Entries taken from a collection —

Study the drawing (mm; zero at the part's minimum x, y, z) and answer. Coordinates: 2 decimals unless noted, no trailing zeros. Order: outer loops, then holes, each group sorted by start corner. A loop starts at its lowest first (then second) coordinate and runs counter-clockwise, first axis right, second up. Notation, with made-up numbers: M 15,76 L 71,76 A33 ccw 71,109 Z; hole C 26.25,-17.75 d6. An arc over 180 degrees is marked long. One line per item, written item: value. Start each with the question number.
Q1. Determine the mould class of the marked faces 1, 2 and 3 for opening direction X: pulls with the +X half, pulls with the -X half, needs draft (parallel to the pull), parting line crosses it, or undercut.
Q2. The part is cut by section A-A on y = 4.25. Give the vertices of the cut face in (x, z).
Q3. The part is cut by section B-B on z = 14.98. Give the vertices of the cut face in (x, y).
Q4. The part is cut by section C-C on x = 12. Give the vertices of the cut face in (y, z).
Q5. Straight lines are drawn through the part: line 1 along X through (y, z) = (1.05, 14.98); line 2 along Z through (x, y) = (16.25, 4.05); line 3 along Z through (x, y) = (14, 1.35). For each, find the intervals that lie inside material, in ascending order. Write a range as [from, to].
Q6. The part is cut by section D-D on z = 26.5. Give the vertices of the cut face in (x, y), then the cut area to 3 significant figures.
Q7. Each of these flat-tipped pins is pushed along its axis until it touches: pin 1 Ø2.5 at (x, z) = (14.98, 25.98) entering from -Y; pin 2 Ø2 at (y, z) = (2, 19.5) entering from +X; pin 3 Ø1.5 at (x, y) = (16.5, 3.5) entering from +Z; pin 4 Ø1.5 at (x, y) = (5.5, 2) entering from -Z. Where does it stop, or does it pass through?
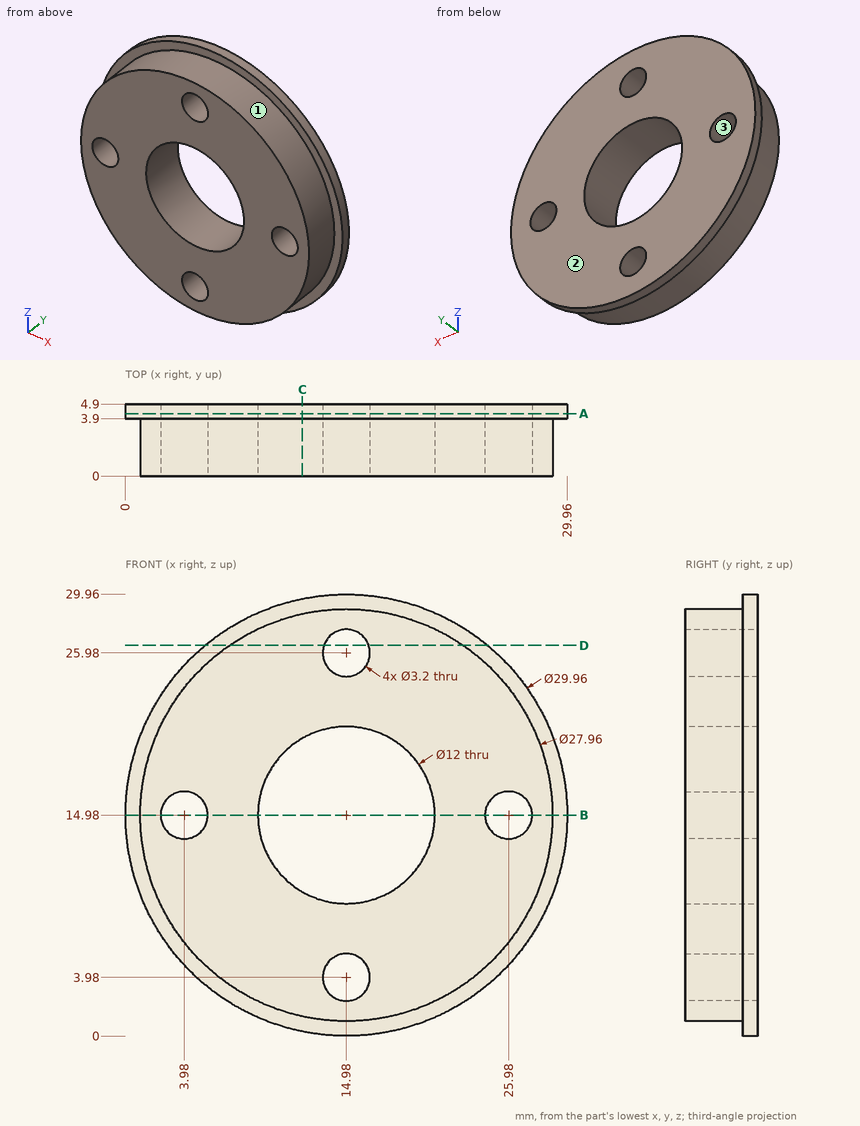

WORK ORDER — Set down exactly, and only, the lines from the one holding "Q4. The part" to the end of the records above, leaving every picture out.

SOLUTION FOR THIS EXERCISE —
Q4. The part is cut by section C-C on x = 12. Give the vertices of the cut face in (y, z).
Q5. Straight lines are drawn through the part: line 1 along X through (y, z) = (1.05, 14.98); line 2 along Z through (x, y) = (16.25, 4.05); line 3 along Z through (x, y) = (14, 1.35). For each, find the intervals that lie inside material, in ascending order. Write a range as [from, to].
Q6. The part is cut by section D-D on z = 26.5. Give the vertices of the cut face in (x, y), then the cut area to 3 significant figures.
Q7. Each of these flat-tipped pins is pushed along its axis until it touches: pin 1 Ø2.5 at (x, z) = (14.98, 25.98) entering from -Y; pin 2 Ø2 at (y, z) = (2, 19.5) entering from +X; pin 3 Ø1.5 at (x, y) = (16.5, 3.5) entering from +Z; pin 4 Ø1.5 at (x, y) = (5.5, 2) entering from -Z. Where does it stop, or does it pass through?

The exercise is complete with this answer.